James Steineke (born November 23, 1970) is a Wisconsin real estate agent and Republican politician.  He was the majority leader of the Wisconsin State Assembly from January 2015 until his resignation from the Assembly in July 2022.  He had represented the Wisconsin's 5th Assembly district since 2011.

Early life and career

Born in Milwaukee, Wisconsin, Steineke attended the University of Wisconsin–Oshkosh and the University of Wisconsin–Milwaukee. He worked as a realtor.

Public office 
He was a member of the board of supervisors for the town of Vandenbroek from 2005 to 2007, and was chairman of the town board from 2007 to 2011.  He also served on the Outagamie County board of supervisors from 2006 to 2011.
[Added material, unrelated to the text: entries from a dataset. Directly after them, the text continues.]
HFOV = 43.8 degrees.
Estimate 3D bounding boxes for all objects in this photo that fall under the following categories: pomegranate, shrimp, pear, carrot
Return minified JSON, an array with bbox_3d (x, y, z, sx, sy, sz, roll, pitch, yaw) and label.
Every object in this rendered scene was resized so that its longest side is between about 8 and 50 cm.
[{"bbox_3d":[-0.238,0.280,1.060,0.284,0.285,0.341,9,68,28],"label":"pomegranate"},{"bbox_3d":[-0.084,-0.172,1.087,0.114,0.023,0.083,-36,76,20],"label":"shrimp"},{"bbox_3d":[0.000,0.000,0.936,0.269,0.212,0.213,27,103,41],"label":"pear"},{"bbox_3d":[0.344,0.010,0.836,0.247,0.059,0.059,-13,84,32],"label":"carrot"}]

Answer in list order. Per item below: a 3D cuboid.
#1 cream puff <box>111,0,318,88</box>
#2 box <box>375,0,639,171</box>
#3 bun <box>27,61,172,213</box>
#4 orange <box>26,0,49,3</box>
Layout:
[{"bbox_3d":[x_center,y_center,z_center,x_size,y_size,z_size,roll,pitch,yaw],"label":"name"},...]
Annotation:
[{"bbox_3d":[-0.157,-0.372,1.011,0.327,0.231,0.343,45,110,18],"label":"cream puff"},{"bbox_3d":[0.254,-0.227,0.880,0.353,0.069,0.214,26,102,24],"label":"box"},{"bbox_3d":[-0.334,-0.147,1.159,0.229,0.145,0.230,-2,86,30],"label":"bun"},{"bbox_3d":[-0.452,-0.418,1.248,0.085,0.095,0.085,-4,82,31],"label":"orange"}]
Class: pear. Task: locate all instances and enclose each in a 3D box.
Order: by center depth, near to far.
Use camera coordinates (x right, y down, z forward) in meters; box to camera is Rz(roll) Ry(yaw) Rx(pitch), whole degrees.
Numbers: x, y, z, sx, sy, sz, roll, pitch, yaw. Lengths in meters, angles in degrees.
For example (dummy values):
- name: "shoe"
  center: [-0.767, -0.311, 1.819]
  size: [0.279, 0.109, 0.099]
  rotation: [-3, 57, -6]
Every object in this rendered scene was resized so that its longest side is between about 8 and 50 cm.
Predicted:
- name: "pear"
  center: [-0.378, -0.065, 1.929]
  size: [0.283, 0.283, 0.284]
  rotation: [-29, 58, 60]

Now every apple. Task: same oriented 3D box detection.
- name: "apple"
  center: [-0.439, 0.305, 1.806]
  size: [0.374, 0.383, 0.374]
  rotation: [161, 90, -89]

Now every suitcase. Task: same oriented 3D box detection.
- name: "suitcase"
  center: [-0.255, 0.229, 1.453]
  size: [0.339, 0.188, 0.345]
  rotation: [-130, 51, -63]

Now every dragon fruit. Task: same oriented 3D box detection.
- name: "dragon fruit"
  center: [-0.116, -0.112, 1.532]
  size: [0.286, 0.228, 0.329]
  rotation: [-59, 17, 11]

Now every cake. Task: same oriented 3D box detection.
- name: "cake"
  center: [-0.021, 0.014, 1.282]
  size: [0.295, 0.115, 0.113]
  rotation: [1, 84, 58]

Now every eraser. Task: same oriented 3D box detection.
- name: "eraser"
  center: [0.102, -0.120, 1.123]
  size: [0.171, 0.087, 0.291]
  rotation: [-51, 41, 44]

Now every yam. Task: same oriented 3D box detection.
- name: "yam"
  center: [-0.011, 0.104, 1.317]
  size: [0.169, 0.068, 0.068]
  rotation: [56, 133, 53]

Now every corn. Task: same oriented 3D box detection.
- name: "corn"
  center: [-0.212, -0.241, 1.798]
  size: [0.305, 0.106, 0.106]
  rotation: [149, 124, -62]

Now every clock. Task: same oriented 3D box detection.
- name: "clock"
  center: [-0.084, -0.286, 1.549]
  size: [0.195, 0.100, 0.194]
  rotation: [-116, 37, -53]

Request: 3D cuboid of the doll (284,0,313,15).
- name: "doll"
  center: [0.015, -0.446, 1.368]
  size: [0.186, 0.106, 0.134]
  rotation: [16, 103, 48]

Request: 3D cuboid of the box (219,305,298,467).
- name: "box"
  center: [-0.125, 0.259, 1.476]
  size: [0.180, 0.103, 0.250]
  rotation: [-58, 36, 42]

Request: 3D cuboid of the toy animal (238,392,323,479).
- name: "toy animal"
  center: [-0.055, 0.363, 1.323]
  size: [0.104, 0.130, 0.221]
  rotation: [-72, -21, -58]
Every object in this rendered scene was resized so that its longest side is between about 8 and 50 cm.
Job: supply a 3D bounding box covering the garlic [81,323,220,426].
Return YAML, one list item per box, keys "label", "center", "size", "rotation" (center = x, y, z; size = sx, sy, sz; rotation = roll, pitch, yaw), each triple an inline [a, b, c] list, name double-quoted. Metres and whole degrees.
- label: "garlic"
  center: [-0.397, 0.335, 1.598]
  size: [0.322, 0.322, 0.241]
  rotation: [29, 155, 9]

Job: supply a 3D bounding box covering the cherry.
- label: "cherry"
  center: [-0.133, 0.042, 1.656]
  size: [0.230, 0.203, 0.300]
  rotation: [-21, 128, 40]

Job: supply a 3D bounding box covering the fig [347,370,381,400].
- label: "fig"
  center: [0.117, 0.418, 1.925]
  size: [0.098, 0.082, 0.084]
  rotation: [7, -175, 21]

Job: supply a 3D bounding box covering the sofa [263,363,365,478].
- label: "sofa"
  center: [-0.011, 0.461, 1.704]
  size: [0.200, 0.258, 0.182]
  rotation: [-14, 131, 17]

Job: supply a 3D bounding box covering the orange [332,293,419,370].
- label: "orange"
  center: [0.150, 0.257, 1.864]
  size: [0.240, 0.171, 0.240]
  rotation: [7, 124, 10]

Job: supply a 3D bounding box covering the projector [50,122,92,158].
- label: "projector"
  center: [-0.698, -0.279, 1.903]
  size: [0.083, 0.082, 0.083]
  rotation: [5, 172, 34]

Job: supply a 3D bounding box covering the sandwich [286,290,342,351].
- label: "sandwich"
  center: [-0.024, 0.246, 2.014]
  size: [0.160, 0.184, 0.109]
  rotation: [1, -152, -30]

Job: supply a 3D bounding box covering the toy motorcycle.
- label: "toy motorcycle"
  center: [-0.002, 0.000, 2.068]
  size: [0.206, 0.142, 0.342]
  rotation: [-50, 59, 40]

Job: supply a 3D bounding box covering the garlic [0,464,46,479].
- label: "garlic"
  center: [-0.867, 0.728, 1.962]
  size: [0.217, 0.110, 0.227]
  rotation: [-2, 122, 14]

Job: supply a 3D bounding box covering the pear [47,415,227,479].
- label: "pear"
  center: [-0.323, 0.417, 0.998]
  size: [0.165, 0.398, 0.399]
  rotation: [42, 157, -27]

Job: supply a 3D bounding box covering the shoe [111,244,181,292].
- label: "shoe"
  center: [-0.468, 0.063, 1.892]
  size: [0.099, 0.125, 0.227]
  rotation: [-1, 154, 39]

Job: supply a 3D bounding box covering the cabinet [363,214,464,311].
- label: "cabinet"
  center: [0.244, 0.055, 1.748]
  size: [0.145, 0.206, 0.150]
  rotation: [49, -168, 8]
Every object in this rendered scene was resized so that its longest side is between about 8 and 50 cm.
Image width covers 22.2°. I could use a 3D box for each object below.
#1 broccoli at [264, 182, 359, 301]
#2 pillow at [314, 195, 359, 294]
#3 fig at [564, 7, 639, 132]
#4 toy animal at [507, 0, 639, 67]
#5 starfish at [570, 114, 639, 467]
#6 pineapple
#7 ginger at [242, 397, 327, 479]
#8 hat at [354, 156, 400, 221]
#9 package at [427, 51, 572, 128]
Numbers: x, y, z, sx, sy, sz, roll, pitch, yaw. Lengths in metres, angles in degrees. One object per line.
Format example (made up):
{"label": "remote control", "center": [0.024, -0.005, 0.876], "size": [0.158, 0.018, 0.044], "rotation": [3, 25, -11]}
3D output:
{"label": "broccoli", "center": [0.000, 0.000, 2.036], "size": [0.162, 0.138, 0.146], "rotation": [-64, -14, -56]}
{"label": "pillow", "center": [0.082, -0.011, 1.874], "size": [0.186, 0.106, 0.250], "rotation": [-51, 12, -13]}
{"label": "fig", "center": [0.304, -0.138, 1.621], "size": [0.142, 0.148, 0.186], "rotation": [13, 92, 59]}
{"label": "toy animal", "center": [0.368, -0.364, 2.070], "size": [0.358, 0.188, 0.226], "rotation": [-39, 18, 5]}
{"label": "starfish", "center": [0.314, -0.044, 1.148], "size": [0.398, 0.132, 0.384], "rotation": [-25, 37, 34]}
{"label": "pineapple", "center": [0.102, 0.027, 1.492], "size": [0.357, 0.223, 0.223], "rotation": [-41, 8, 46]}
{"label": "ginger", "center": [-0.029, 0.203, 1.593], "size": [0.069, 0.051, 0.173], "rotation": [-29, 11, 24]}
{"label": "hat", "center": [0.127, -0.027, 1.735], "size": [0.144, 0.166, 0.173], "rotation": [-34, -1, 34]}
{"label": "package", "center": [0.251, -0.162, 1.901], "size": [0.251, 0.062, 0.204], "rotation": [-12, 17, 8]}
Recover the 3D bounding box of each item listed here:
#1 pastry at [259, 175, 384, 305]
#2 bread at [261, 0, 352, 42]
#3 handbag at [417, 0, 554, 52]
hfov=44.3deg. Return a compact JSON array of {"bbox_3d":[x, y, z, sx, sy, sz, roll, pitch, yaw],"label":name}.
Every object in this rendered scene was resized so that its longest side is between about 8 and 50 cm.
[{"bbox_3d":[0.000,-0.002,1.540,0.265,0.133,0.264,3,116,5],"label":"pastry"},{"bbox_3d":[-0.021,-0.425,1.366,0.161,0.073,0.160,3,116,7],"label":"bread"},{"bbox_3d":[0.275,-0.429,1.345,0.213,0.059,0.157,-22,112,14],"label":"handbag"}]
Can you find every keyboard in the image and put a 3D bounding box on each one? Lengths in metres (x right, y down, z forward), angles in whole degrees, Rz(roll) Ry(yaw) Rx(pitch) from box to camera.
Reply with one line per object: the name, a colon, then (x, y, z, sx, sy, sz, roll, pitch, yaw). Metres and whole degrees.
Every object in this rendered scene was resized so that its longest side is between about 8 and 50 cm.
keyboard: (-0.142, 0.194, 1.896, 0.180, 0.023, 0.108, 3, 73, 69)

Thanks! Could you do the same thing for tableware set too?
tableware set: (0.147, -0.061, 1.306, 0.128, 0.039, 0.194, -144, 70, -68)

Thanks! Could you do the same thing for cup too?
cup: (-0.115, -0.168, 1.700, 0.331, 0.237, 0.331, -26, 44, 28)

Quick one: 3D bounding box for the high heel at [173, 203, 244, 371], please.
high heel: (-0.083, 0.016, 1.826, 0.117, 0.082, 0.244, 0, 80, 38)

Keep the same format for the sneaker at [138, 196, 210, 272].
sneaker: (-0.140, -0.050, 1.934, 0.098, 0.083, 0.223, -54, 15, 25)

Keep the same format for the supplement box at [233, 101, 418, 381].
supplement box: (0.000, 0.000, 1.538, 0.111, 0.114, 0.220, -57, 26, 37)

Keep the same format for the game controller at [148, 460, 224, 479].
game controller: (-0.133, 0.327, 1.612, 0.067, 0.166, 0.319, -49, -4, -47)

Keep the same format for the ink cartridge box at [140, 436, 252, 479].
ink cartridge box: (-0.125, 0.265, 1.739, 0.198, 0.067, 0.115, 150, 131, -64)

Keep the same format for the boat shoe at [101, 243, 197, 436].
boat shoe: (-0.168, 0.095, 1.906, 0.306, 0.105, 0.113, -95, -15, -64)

Steineke was elected to the Wisconsin State Assembly in 2010 in the Wisconsin's 5th Assembly district, which then comprised much of eastern Outagamie County, the Town of Maple Grove in Shawano County, and part of western Brown County.  He succeeded Democrat Tom Nelson, who had decline running for re-election to seek election as lieutenant governor. He has identified himself as a proponent of limited government and lower taxes.

In November 2020, Steineke was re-elected as the Assembly Majority Leader by his GOP colleagues.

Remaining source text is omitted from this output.